Innovative Marketing Strategies for Small Businesses

Wenn Arztpraxen beginnen, sich systematisch mit digitaler Sichtbarkeit zu beschäftigen, taucht fast immer sehr schnell dieselbe Frage auf: Sollte man zuerst in Google Ads investieren oder zunächst Suchmaschinenoptimierung aufbauen? Hinter dieser Frage steckt oft die Hoffnung, dass beide Disziplinen im Grunde dasselbe Ziel verfolgen und sich daher beliebig austauschen lassen. Genau das ist jedoch nicht der Fall. Google Ads und SEO bewegen sich zwar in derselben Suchumgebung, folgen aber unterschiedlichen Mechaniken, Zeithorizonten und Wirklogiken.

Google Ads ist die bezahlte Werbeplattform von Google. Anzeigen werden nicht einfach nur deshalb sichtbar, weil ein Werbetreibender bereit ist, Geld auszugeben, sondern weil sie in einer Auktion konkurrieren, in der laut Google nicht nur das Gebot zählt, sondern auch Qualitätsfaktoren wie Anzeigenrelevanz, erwartete Klickrate, Landingpage-Erfahrung und der jeweilige Suchkontext. Google beschreibt den sogenannten Ad Rank als Kombination aus Gebot, Anzeigenqualität, Mindestschwellen, Kontext und der erwarteten Wirkung von Assets und anderen Anzeigenformaten. Das bedeutet in der Praxis: Auch im Werbesystem entscheidet nicht Geld allein, sondern das Zusammenspiel von Relevanz und Qualität. 

SEO funktioniert grundlegend anders. Suchmaschinenoptimierung ist keine Werbeschaltung, sondern die systematische Arbeit an Website-Struktur, Inhalten, interner Verlinkung, technischer Zugänglichkeit und semantischer Klarheit. Ziel ist es, dass Google eine Website besser verstehen, crawlen, einordnen und für passende Suchanfragen organisch ausspielen kann. Google betont in seiner eigenen Dokumentation seit Jahren, dass hilfreiche, verlässliche und menschenzentrierte Inhalte im Vordergrund stehen sollen — also Inhalte, die für Nutzer geschrieben wurden und nicht primär für Suchmaschinen. Gerade im medizinischen Kontext ist das besonders relevant, weil Gesundheitsthemen zu jenen Bereichen gehören, in denen Qualität, Vertrauenswürdigkeit und fachliche Klarheit besonders stark ins Gewicht fallen. 
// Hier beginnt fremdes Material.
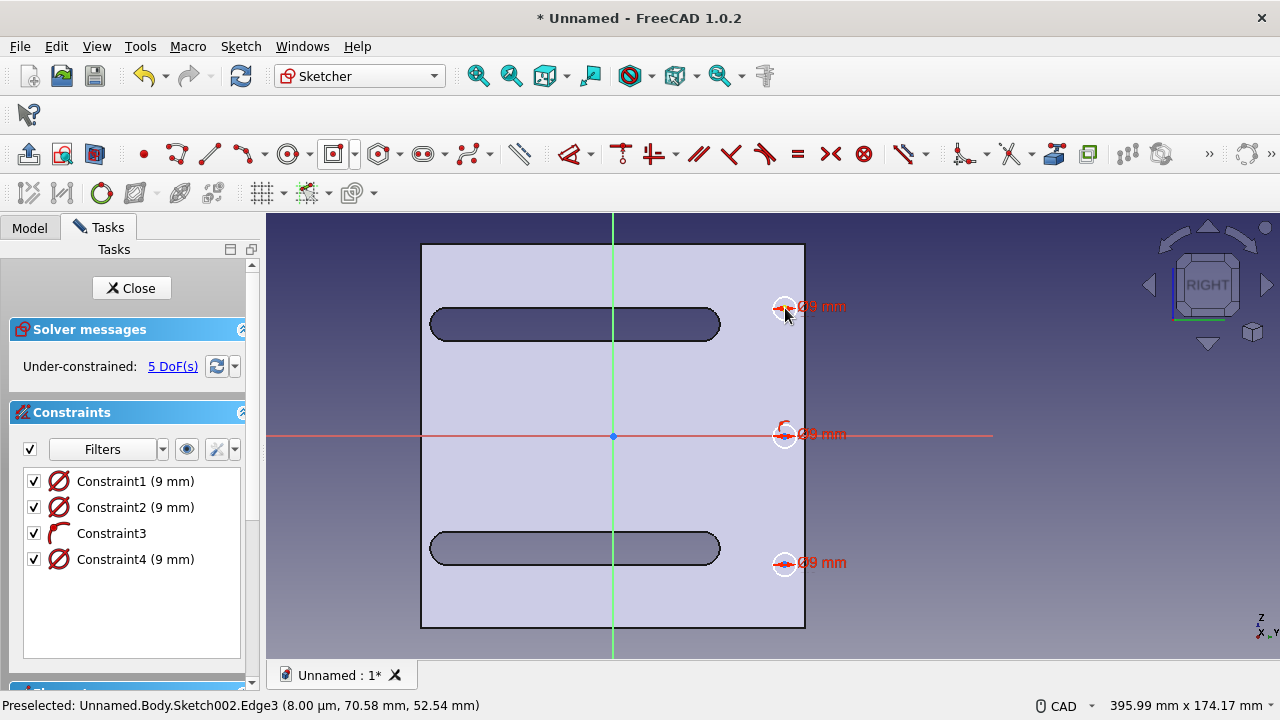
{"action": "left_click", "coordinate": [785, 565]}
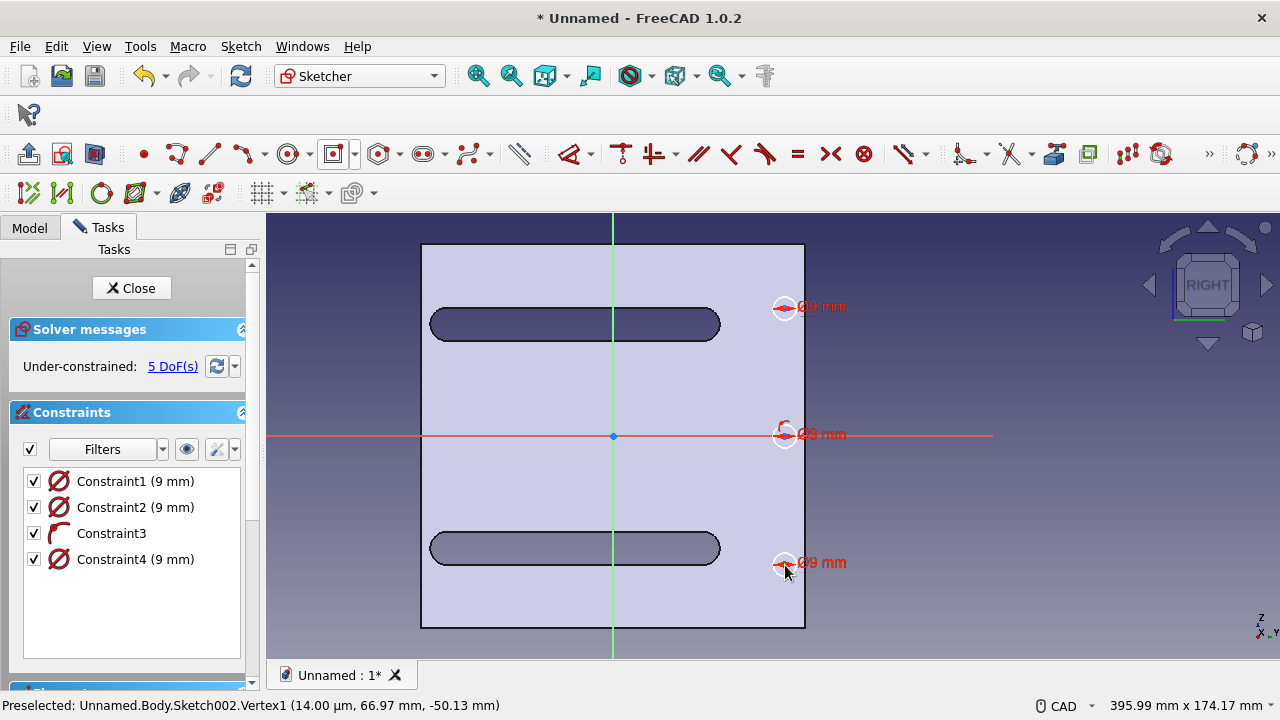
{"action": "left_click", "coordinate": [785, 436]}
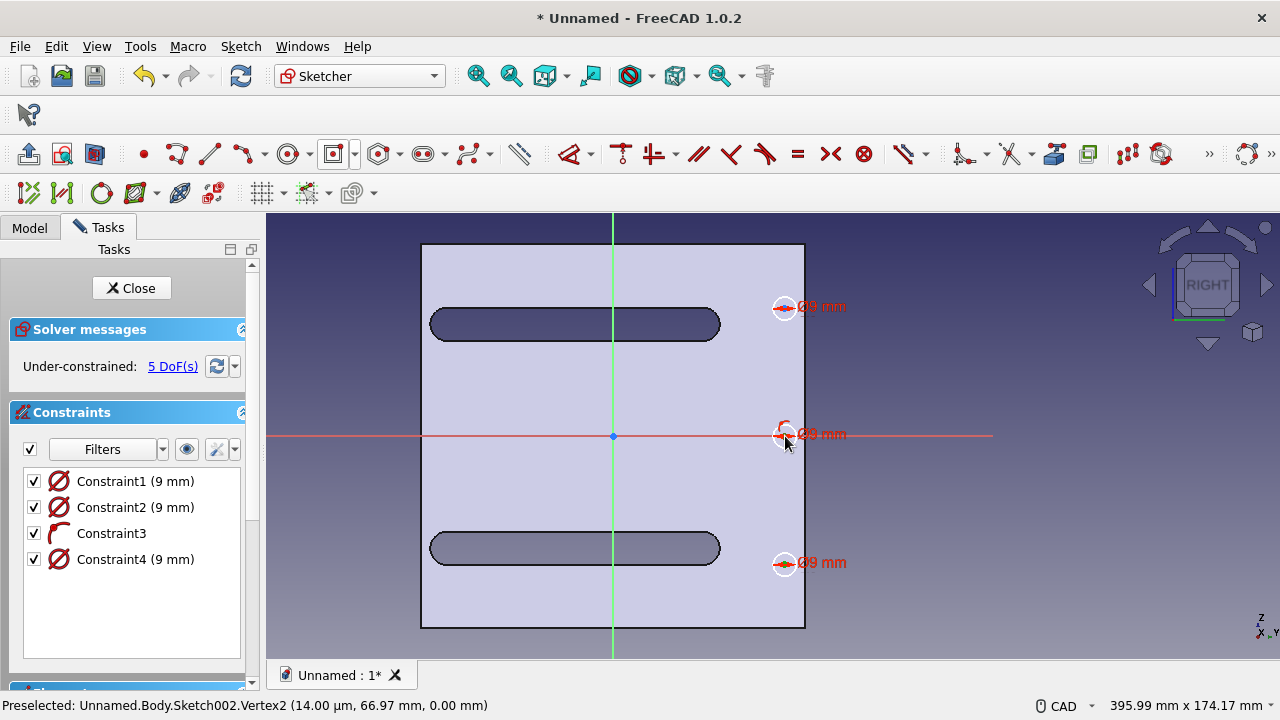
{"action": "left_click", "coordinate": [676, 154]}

Für Arztpraxen entsteht daraus ein wichtiges Grundverständnis: Google Ads ist keine Abkürzung für fehlende organische Substanz, und SEO ist keine sofortige Antwort auf akuten Sichtbarkeitsbedarf. Ads können Nachfrage sehr schnell adressieren. Eine Praxis kann heute entscheiden, für bestimmte Leistungen, Standorte oder Suchintentionen sichtbar zu werden, und morgen bereits erste Daten zu Klicks, Suchanfragen oder Anrufen sehen. SEO ist dagegen eher Infrastrukturarbeit. Es braucht in der Regel Zeit, bis Seiten indexiert, eingeordnet und in wettbewerbsstarken Suchumfeldern sichtbar werden. Dafür kann organische Sichtbarkeit langfristig deutlich stabiler, vertrauensstärker und wirtschaftlich nachhaltiger sein.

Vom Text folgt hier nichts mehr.